Inductive Limits of Noncommutative Cartan Inclusions

TL;DR

This paper establishes conditions under which inductive limits of noncommutative Cartan inclusions retain their structure, extending previous results and simplifying proofs in the theory of operator algebras.

Contribution

It proves that inductive limits of aperiodic noncommutative Cartan inclusions are themselves Cartan under certain conditions, and generalizes existing theorems without using twisted étale groupoids.

Findings

Inductive limits preserve noncommutative Cartan structure under injective, normaliser-preserving maps.

Additional conditions yield aperiodic inclusions in the limit, including cases with separable, simple, or Type I Cartan subalgebras.

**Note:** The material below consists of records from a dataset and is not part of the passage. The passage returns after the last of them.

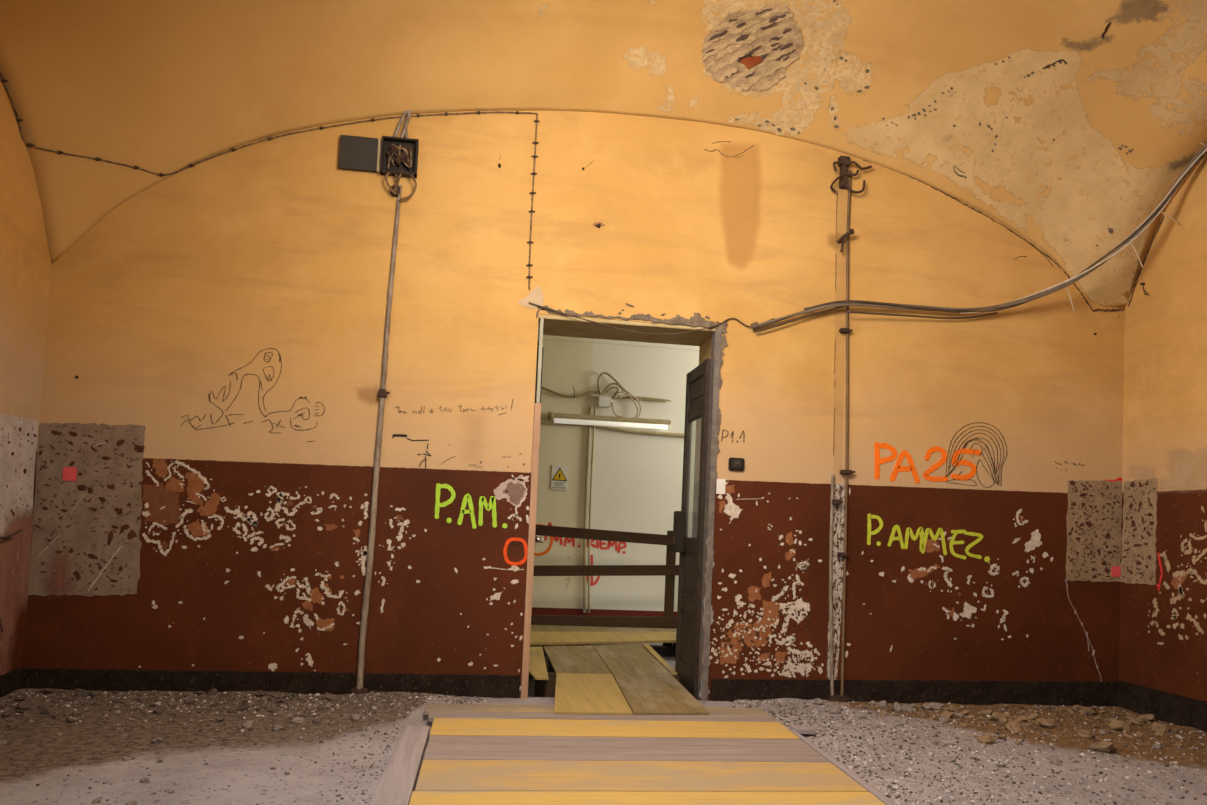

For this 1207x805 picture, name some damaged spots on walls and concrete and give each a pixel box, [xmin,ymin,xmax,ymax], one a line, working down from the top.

peeling [623,46,699,118]
peeling [700,0,1195,306]
spalling [536,303,728,389]
peeling [0,419,427,671]
peeling [486,578,523,647]
peeling [493,471,530,529]
peeling [699,472,824,698]
peeling [892,509,1053,640]
peeling [1068,480,1207,645]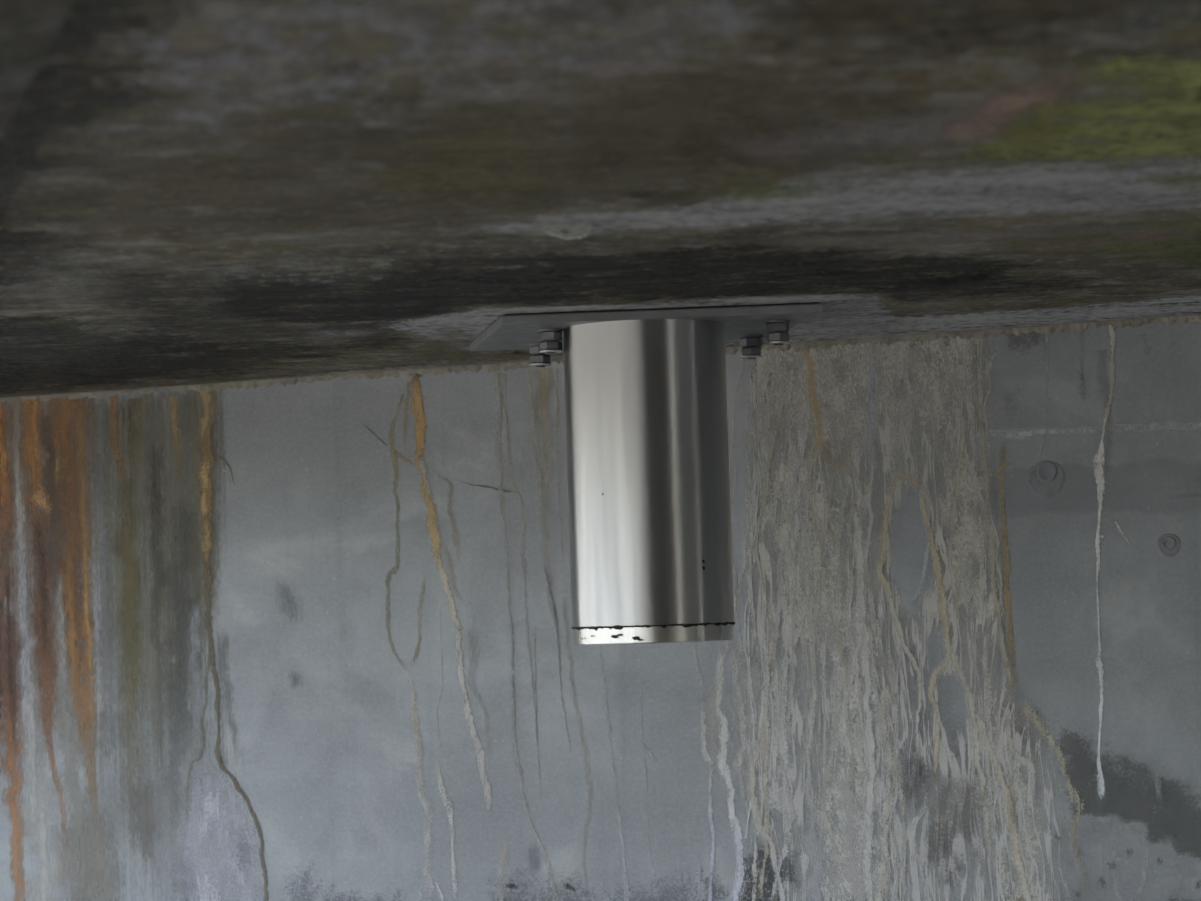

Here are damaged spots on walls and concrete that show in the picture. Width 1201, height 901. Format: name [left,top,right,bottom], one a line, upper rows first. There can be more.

corrosion [0,396,94,901]
crack [470,484,510,492]
water stain [0,221,1201,901]

Provides a new proof of Xin Li's theorem without twisted étale groupoids.

Abstract

We prove that an inductive limit of aperiodic noncommutative Cartan inclusions is a noncommutative Cartan inclusion whenever the connecting maps are injective, preserve normalisers and entwine conditional expectations. We show that under the additional assumption that the inductive limit Cartan subalgebra is either essentially separable, essentially simple or essentially of Type I we get an aperiodic inclusion in the limit. Consequently, we subsume the case where the building block Cartan subalgebras are commutative and provide a proof of a theorem of Xin Li without passing to twisted \'etale groupoids.